American Journal of Community Psychology: 2013, 51(1), p 114–122.
Unable to obtain a copy by clicking title? Try asking the author for a reprint by adapting this prepared e-mail or by writing to Dr Clayton at ashley.clayton@yale.edu. You could also try this alternative source.
This US study found that among people with serious mental illness and a history of criminal justice involvement, an intervention intended to foster citizenship through peer mentoring, education and activities, reduced alcohol and drug use and enhanced quality of life and satisfaction with social, leisure and work activities.
Summary This US study assessed the effectiveness of an intervention based on a theoretical framework of citizenship at reducing psychiatric symptoms, alcohol and drug use, and increasing quality of life for people with serious mental illness and a history of criminal justice involvement.
Recruited through mental health and social welfare services, 114 adults with these characteristics (70% had co-occurring psychiatric and substance use diagnoses) participated in a trial which randomly allocated them to a four-month citizenship intervention versus usual services.

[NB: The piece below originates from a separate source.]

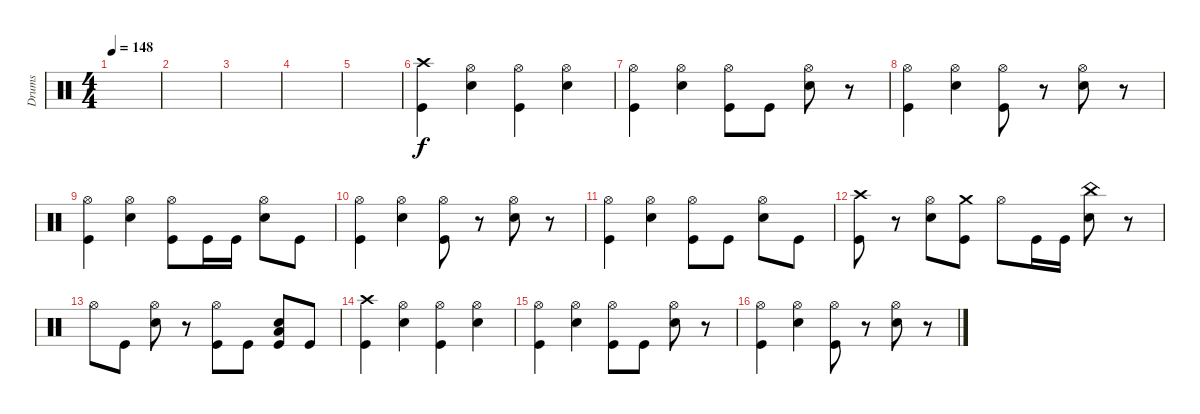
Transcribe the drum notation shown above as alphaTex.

The citizenship intervention matched participants to peer mentors who helped them identify goals and set priorities for achieving them, sharing their own coping strategies and lessons learned as people working on their own recovery, and advocating for participants’ access to social services, employment, education, and housing. Citizenship classes aimed to enhance participants’ problem-solving and other life skills for daily living, their abilities to establish social networks based on mutual trust and shared interests, and their knowledge of community resources. After completing the classes, participants drew on their life experiences and class learning to design and participate in an eight-week ‘valued roles’ exercise that encouraged them to ‘give back’ to the community, also teaching other community members that the participants can fulfil valued roles in society. Valued-role projects were determined by participants themselves, with input from fellow students (as participants in the project were called) and in consultation with the project director and peer mentors. Upon completion of the citizenship intervention, a ‘Citizenship Graduation Ceremony’ was held at the city’s town hall. Family members, friends, and mental health and other professionals, were invited to attend.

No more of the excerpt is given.